• _Work to complete_
The lines to output run from the first line of the entries below through the line containing "text Minister Schouten: [635, 165, 1125, 186]"; copy them exactly and leave out pictures.

• _Source data_
╭──

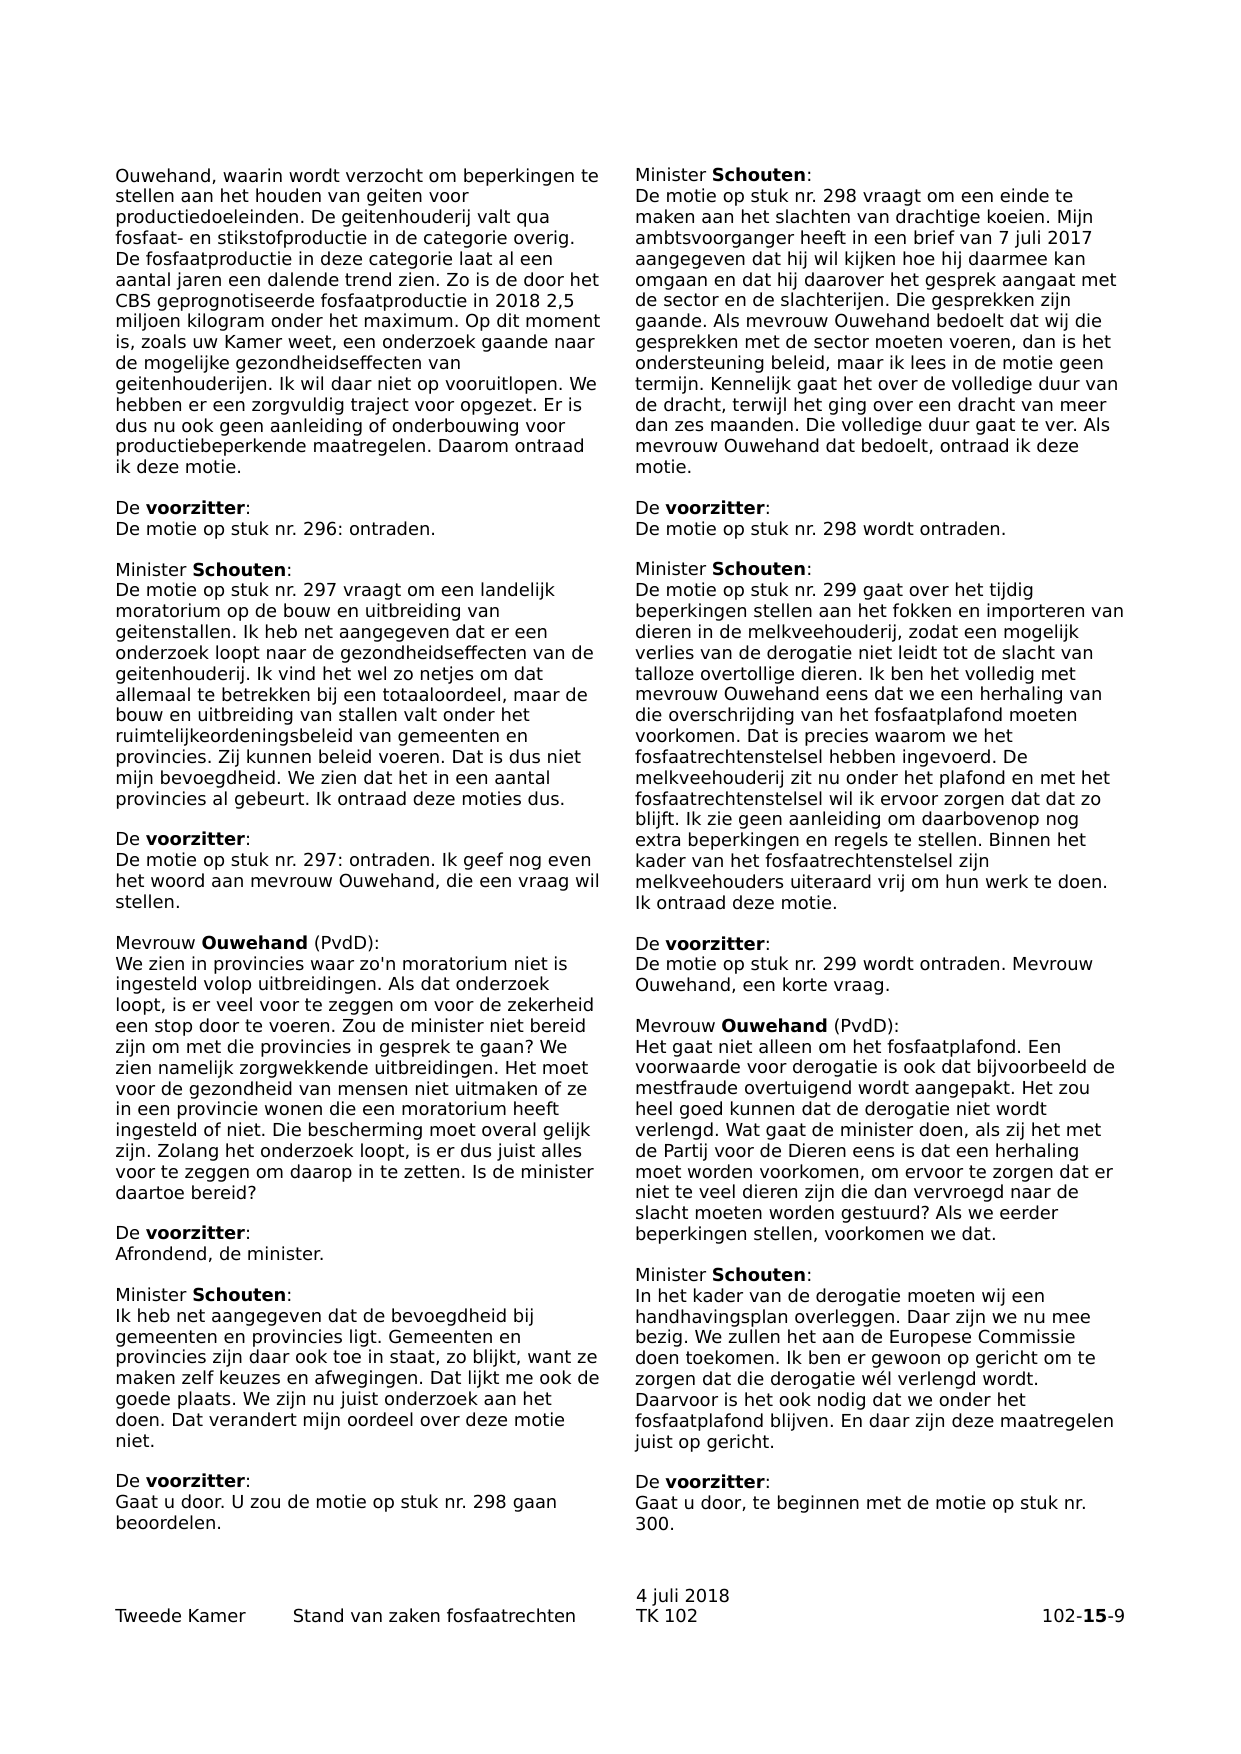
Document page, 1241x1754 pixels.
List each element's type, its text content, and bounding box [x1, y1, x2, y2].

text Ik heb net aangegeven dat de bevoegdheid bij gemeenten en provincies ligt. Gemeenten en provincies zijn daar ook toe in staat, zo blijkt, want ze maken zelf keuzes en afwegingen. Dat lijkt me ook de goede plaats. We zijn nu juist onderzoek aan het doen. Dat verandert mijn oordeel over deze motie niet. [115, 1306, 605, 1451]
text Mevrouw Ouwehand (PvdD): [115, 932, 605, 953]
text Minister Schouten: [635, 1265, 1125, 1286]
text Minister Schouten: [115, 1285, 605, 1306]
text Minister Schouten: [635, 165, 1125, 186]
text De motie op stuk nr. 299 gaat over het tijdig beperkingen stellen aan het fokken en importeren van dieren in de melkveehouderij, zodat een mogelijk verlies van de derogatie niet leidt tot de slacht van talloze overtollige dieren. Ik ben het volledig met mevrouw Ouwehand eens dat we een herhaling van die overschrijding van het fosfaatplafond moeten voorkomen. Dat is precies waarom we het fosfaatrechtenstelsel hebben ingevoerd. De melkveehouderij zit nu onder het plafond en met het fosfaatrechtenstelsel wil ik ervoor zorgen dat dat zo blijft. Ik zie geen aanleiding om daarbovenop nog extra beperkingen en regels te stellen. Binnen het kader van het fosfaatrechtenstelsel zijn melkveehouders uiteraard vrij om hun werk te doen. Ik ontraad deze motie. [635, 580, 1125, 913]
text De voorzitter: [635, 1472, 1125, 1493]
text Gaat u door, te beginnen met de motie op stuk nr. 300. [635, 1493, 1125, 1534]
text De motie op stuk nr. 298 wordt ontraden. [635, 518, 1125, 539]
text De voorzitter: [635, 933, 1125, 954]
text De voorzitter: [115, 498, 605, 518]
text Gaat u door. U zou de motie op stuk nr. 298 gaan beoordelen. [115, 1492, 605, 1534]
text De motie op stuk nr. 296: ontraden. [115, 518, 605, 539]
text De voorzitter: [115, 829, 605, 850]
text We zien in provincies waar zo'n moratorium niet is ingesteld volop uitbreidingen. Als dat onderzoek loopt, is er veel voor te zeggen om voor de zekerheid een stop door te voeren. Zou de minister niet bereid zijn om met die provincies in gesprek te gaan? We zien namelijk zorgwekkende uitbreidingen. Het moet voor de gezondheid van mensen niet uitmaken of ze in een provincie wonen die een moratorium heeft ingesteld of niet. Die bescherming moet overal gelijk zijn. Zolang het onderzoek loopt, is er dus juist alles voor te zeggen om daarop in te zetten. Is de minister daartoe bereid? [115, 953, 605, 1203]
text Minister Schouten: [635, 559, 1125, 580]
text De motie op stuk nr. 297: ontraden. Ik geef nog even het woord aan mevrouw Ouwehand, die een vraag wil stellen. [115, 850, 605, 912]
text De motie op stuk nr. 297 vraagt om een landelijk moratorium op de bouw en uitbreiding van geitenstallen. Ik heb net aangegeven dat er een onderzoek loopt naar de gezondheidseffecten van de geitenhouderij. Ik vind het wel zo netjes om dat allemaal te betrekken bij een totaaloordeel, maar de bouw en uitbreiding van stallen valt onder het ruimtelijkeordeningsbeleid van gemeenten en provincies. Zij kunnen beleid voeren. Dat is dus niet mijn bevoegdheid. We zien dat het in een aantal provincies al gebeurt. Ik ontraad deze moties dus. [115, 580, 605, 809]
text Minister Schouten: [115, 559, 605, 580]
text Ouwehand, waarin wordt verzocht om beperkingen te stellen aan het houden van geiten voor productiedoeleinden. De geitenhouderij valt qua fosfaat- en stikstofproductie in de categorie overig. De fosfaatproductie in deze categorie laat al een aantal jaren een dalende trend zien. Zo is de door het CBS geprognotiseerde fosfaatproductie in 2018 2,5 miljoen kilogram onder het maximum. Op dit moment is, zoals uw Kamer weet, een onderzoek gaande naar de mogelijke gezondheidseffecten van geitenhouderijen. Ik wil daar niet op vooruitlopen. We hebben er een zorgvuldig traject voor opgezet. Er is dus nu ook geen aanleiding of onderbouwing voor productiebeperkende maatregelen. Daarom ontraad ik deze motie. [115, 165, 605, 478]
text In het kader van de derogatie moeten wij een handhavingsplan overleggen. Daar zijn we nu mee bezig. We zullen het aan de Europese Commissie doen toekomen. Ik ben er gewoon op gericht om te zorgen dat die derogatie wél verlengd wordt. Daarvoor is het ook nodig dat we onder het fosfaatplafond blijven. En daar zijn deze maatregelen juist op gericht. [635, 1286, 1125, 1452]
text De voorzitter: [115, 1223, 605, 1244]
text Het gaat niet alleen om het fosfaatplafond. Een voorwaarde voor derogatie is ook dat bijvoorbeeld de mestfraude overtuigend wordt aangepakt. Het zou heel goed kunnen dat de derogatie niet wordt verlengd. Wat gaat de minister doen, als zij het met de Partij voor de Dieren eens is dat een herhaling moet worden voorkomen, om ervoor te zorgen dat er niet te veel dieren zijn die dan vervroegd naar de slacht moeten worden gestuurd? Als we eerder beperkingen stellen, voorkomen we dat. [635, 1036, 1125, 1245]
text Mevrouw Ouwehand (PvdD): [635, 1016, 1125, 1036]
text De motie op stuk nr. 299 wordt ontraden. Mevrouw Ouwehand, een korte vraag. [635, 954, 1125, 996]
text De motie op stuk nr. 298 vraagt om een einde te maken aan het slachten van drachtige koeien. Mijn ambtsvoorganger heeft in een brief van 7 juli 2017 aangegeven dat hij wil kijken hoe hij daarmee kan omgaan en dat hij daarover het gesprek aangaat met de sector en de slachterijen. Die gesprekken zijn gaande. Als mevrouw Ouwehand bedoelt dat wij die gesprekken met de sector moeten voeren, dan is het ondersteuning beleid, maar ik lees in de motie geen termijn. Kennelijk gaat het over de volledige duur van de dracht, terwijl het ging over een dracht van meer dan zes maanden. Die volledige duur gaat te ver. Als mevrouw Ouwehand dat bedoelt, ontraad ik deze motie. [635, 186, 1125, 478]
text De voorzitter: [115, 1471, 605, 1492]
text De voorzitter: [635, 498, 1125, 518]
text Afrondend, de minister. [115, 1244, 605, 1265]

╰──

• _Answer to the problem_
Document page, 1241x1754 pixels.
List each element's type, its text content, and bounding box [x1, y1, x2, y2].

text Ik heb net aangegeven dat de bevoegdheid bij gemeenten en provincies ligt. Gemeenten en provincies zijn daar ook toe in staat, zo blijkt, want ze maken zelf keuzes en afwegingen. Dat lijkt me ook de goede plaats. We zijn nu juist onderzoek aan het doen. Dat verandert mijn oordeel over deze motie niet. [115, 1306, 605, 1451]
text Mevrouw Ouwehand (PvdD): [115, 932, 605, 953]
text Minister Schouten: [635, 1265, 1125, 1286]
text Minister Schouten: [115, 1285, 605, 1306]
text Minister Schouten: [635, 165, 1125, 186]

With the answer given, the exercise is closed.